Allas: Collecting sensor data for temporary storage

The data sent to cPouta is pre-processed and then stored in Allas. Allas is recommended for data storage during the active phase of a research project. Allas has a high storage capacity and is accessible from anywhere on the internet. The data can have different levels of access control.

Puhti: Data processing in CSC’s supercomputing environment

The data is copied from Allas to Puhti supercomputer for processing that requires considerable computing power (e.g. high memory, parallel CPU resources, GPUs). The computations are run as batch jobs, and afterwards the results are uploaded back to Allas.

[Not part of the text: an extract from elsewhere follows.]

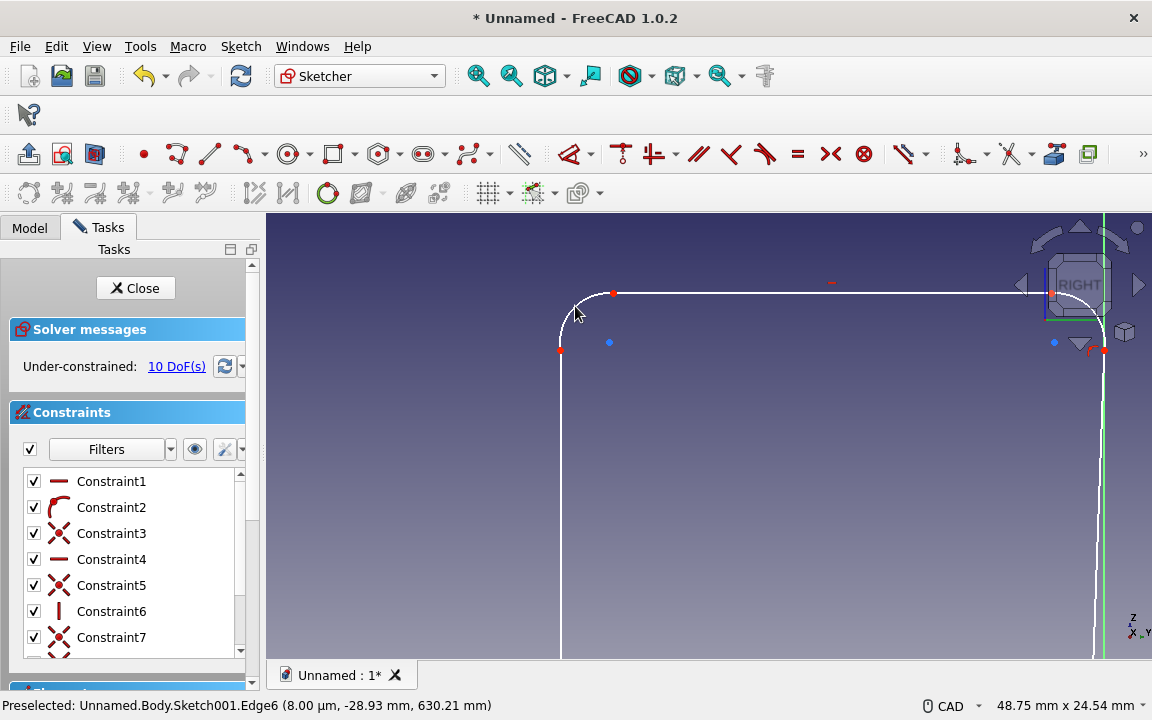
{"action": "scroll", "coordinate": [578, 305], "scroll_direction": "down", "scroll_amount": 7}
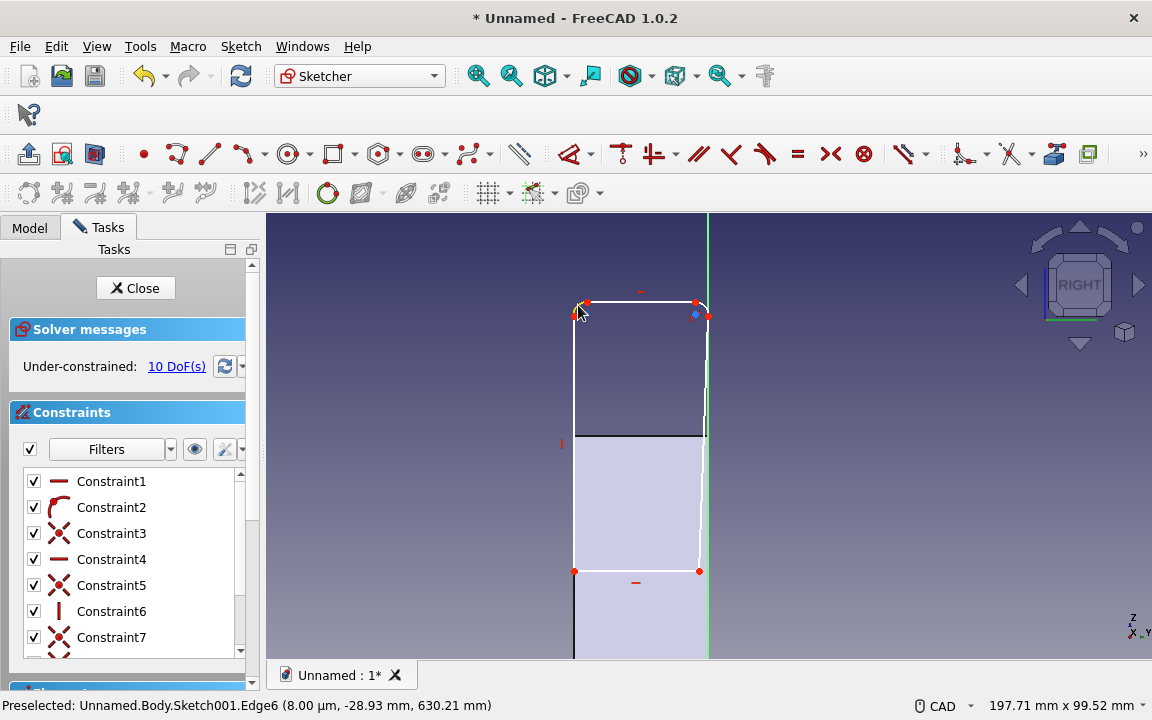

Read more about Puhti Getting started with supercomputing at CSC CSC supercomputing user guide

Fairdata services: Publication and preseravation

The processed dataset can be transferred to Fairdata IDA directly from Puhti. Metadata and a persistent identifier (DOI) are created for the dataset using Qvain. Etsin provides a landing page and download links for the data. Data published in Fairdata services can be later transferred into digital preservation service for research data (requires a contract).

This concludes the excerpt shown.